I'm interested to understand how a service outage is preferred over I/O?


> So splitting a mirror and reconnecting it doesn't incur I/O?
>
>


It does.


>
> > The solution is complicated if you're starting from scratch. I'm
> >
>
> > working in an environment that already had all the pieces in place
> >
>
> > (offsite synchronous mirroring, a test server to mount stuff up on,
> >
>
> > scripts that automated the storage array mirror management, etc). It
> >
>
> > was setup that way specifically to accomplish short downtime outages for
> >
>
> > cold backups with minimal or no IO hit to production. So while it's
> >
>
> > complicated, when it was put together it was also the most obvious thing
> >
>
> > to do to drop my backup window to almost nothing, and keep all the IO
> >
>
> > from the backup from impacting production. And like I said, with a
> >
>
> > different volume manager, it's been rock solid for years.
> >
>
>


... where data corruption is blissfully ignored? I'm not sure what volume
manager you were using, but SVM has absolutely zero data integrity
checking :-( And no, we do not miss using SVM :-)

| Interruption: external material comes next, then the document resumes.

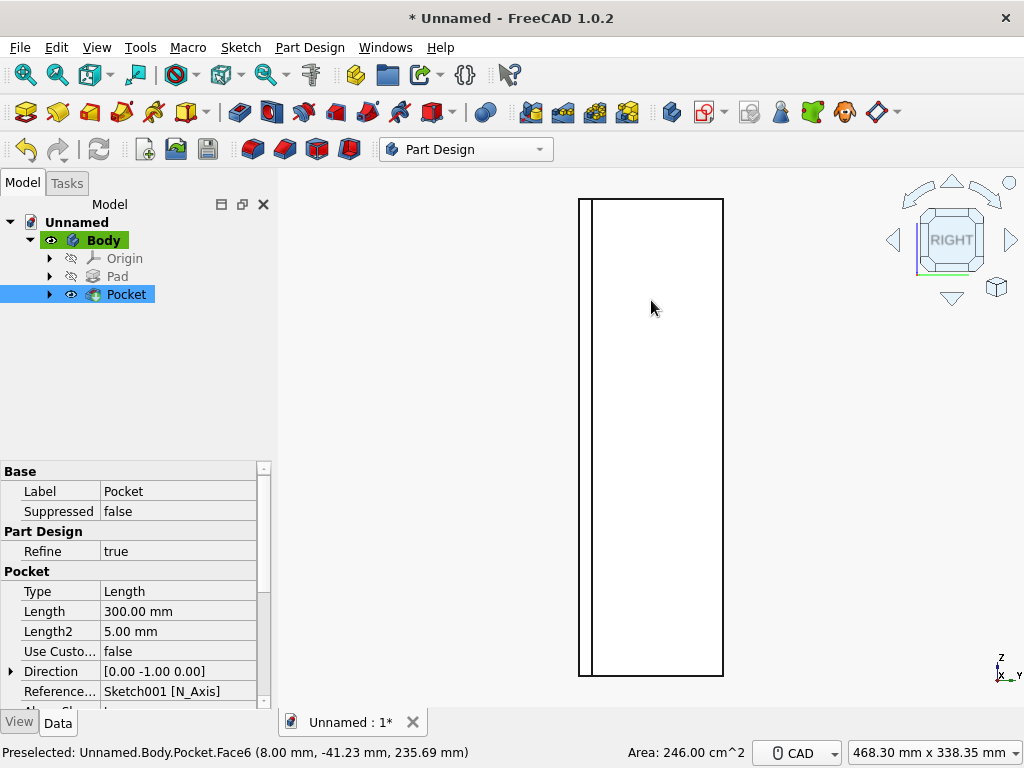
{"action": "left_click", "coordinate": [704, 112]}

I was trying to avoid sounding like a brand snob ('my old volume manager 
did X, why doesn't ZFS?'), because that's truely not my attitude, I 
prefer ZFS. I was using VxVM and VxFS - still no integrity checking, I 
agree :-)









>
> > So, to ask the sanity check more specifically -
> >
>
> > Is it reasonable to expect ZFS pools to be exported, have their luns
> >
>
> > change underneath, then later import the same pool on those changed
> >
>
> > drives again?
> >
>
>


Yes, we do this quite frequently. And it is tested ad nauseum. Methinks it is
simply a bug, perhaps one that is already fixed.


Excellent, that's exactly what I was hoping to hear. Thank you!



> If you were splitting ZFS mirrors to read data from one half all would be 
sweet (and you wouldn't have to export the pool). I guess the question here is 
what does TruCopy do under the hood when you re-connect the mirror?